Palestinians have suffered the institutionalized humiliation of military occupation, the helplessness of statelessness, the ravages of concussion bombs, the horror of massacres. We have suffered merciless sieges by frenzied packs outside our camps in Lebanon, and degradation from the code of bullying which is embraced by settlers on the West Bank.

Yet in the very excesses of our suffering ties our continual claim to dignity and rebirth. We have become ennobled by the vengeful spite of our enemies. Even if others do not see us so, it is our own self-image that the future calls.

Though this suffering has not nearly come to an end, there is hope.
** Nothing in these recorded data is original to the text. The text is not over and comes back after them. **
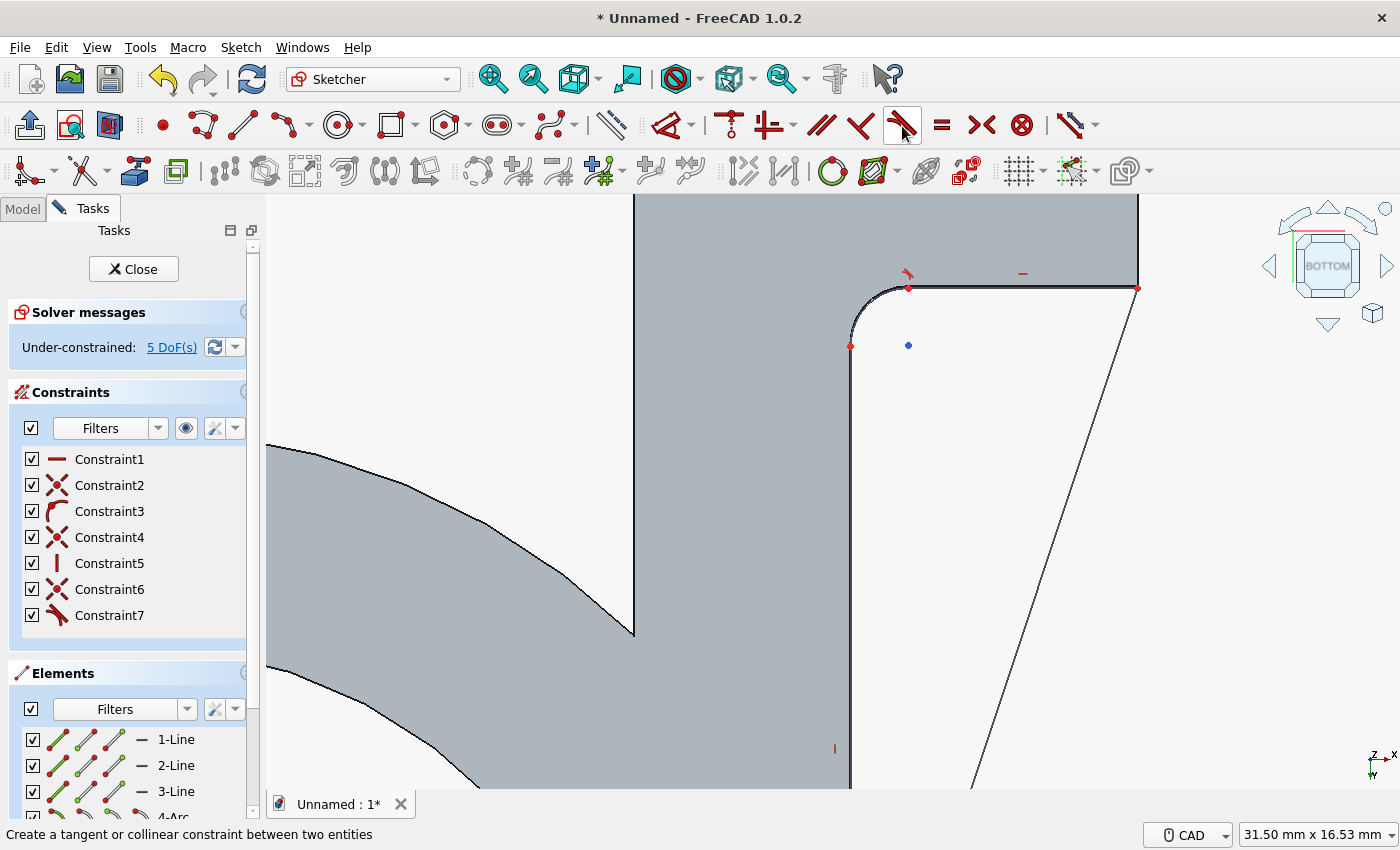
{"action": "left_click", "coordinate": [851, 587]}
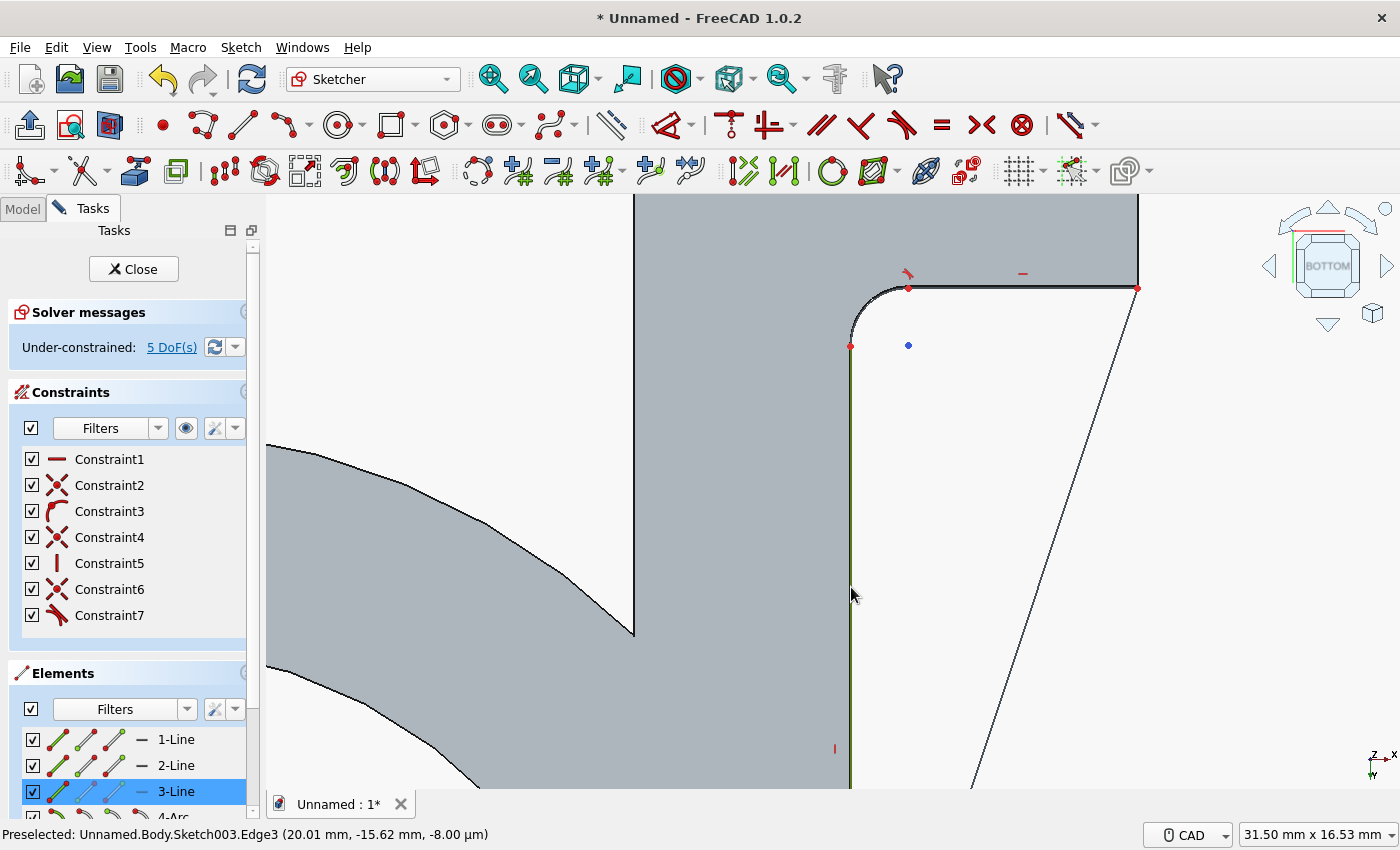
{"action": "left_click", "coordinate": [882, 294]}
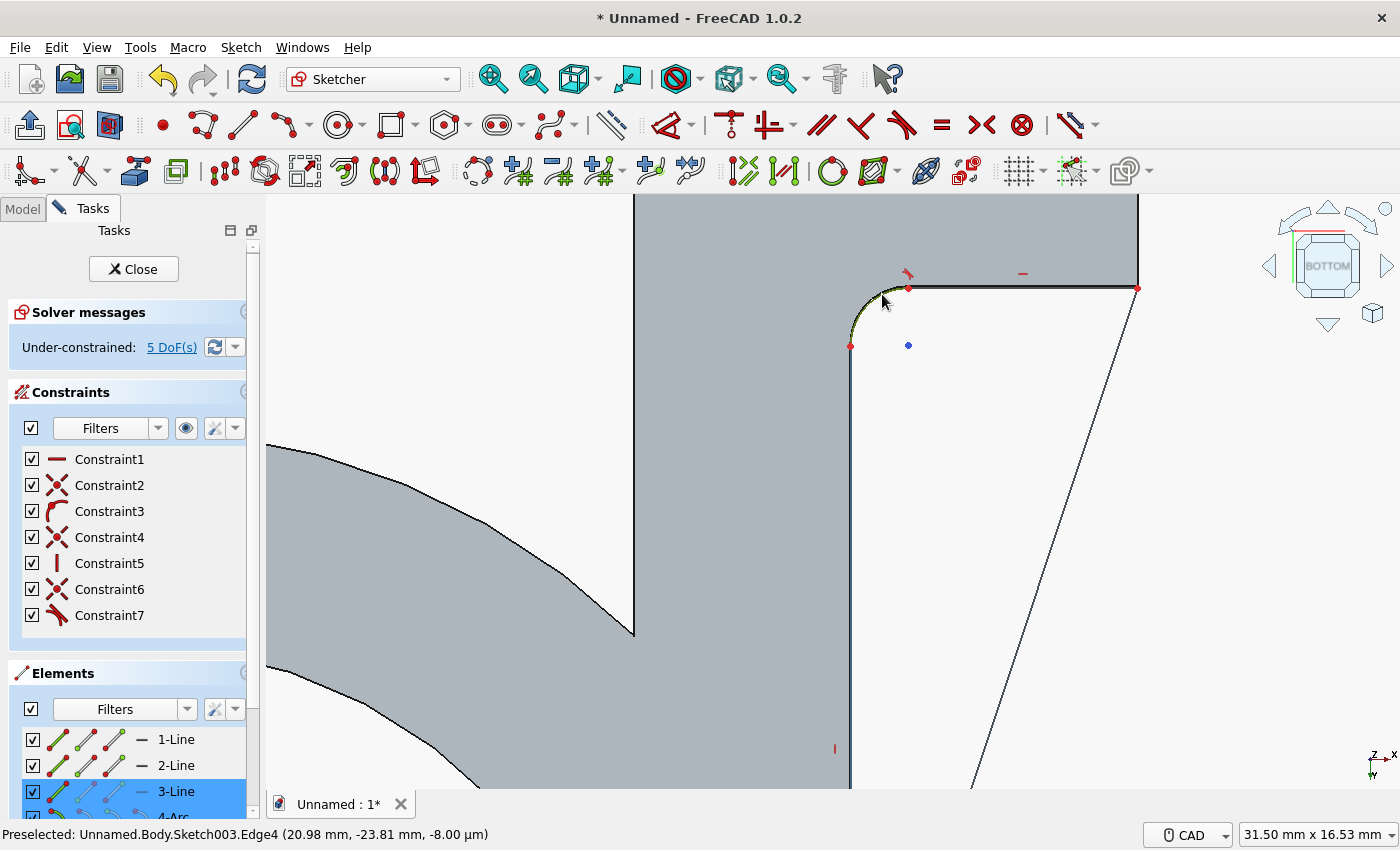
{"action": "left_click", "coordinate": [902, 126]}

For when it finishes, as it must, in the inevitable establishment of a Palestinian state, we will be there.

We will be there not only to rejoice in the resurrection of our national existence, but because at last, at long last, we will have realized a desperate need - to live in a country where we will have our own government to assail; our own politicians, bureaucrats and elected bodies to ridicule; our own futures to debate.

No-one realizes how formidably exquisite a thought it is to a Palestinian writer like myself, raised in a refugee camp, stateless all his life, to be able to dream thus.

Fawaz Turki is a Palestinian poet and essayist living in the US. His most recent book Soul in Exile, was published by Monthly Review Press, in New York, 1988.